**Task description:** Return only the lines running from the one that contains "The image size" through the end of the entries, exactly, both ends included. Omit pictures.

**Extracted entries:**
------------------------------------------------------------------------
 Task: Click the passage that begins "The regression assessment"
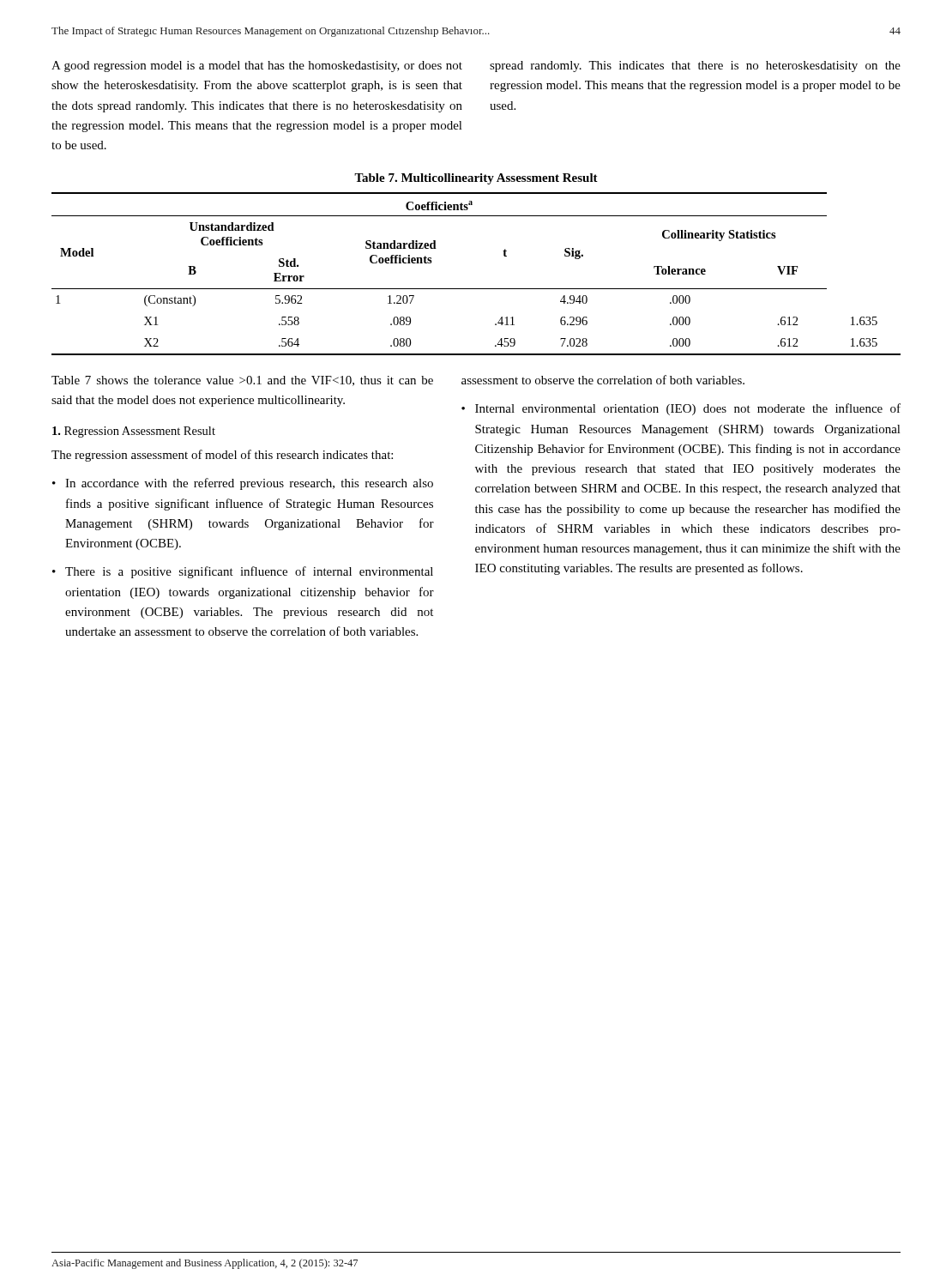tap(223, 455)
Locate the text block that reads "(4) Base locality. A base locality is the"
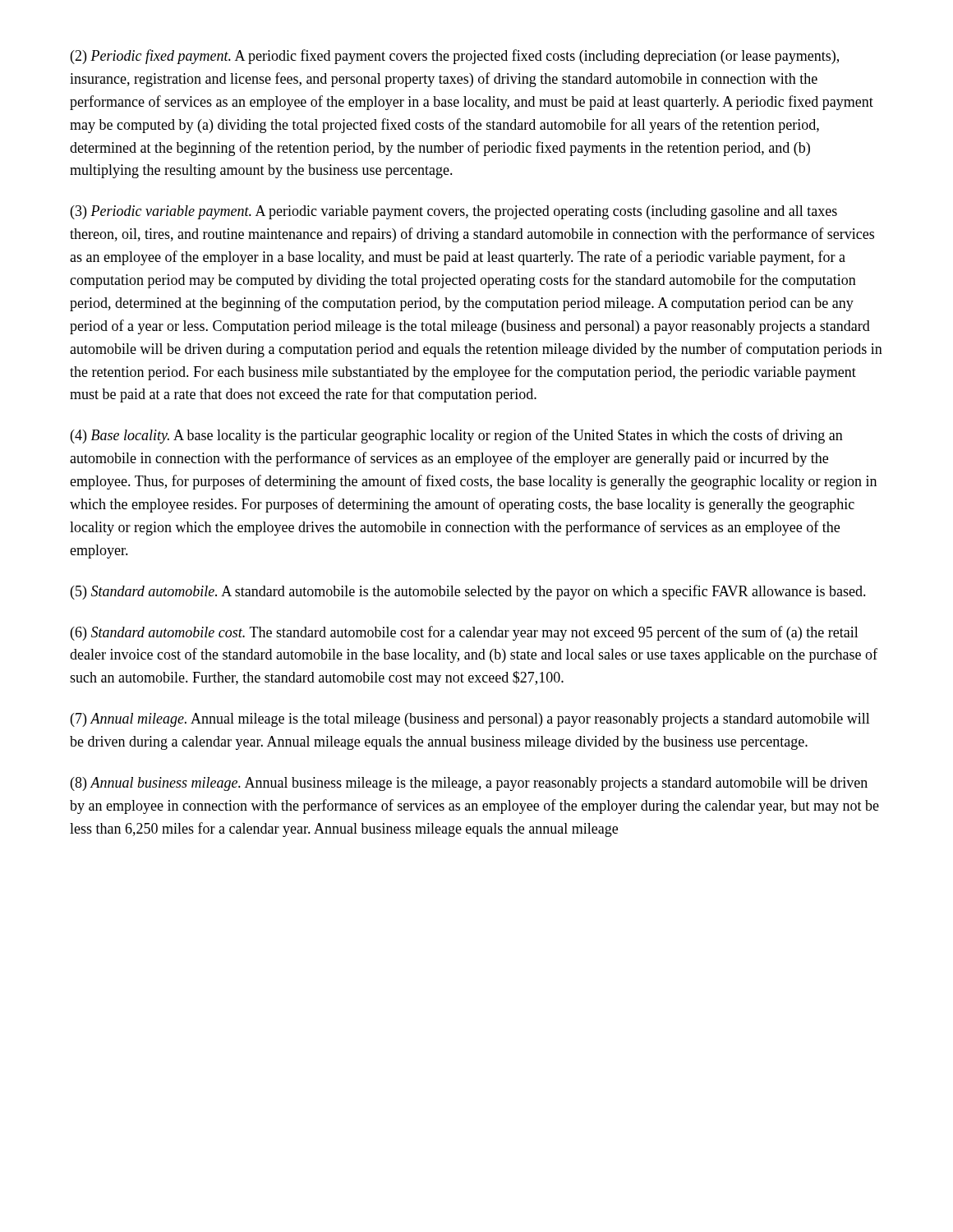 tap(473, 493)
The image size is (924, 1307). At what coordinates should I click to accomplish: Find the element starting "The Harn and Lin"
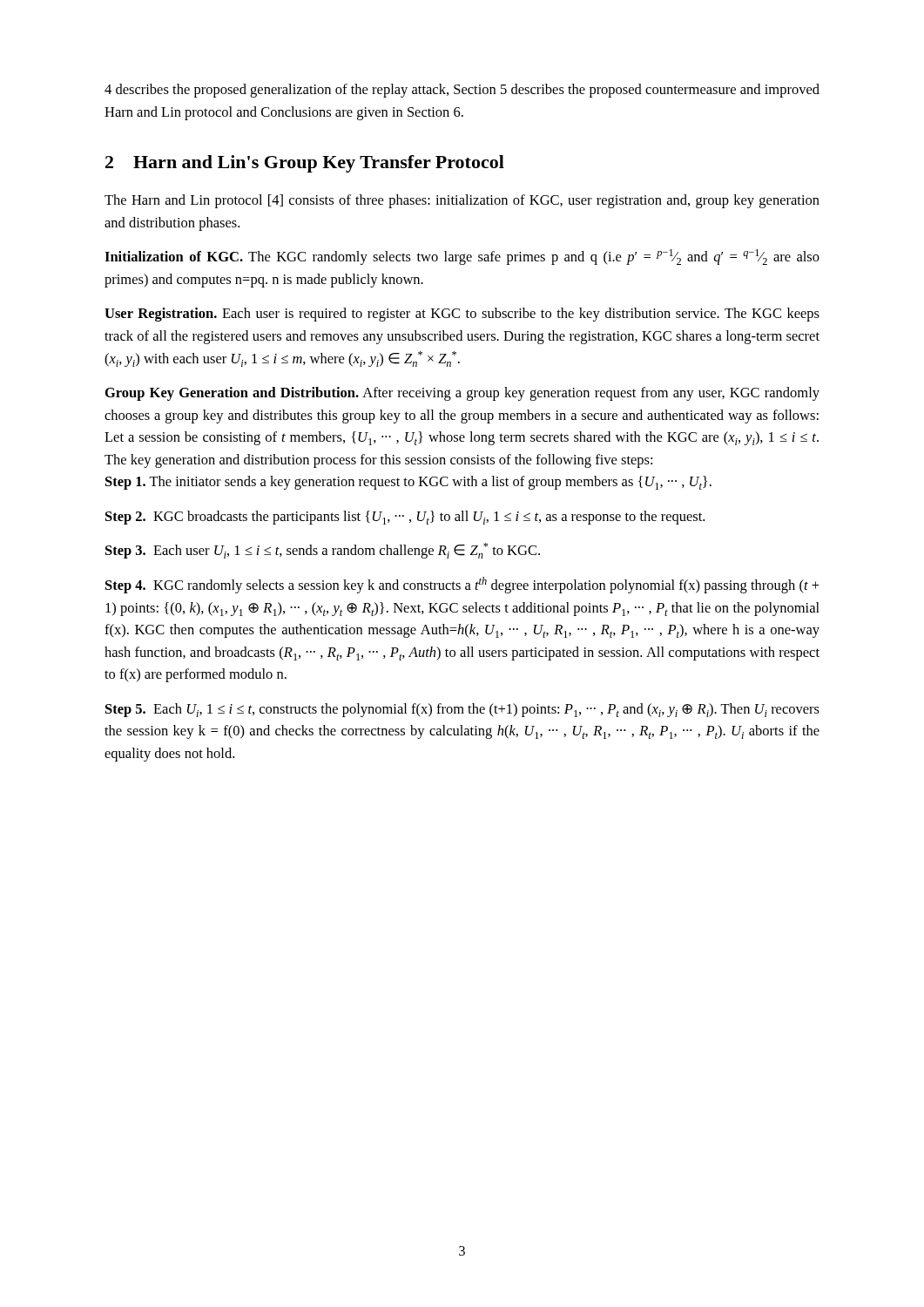pos(462,211)
------------------------------------------------------------------------
**Written answer:**
The image size is (924, 1307). At what coordinates should I click to accomplish: Find the element starting "The Harn and Lin"
pos(462,211)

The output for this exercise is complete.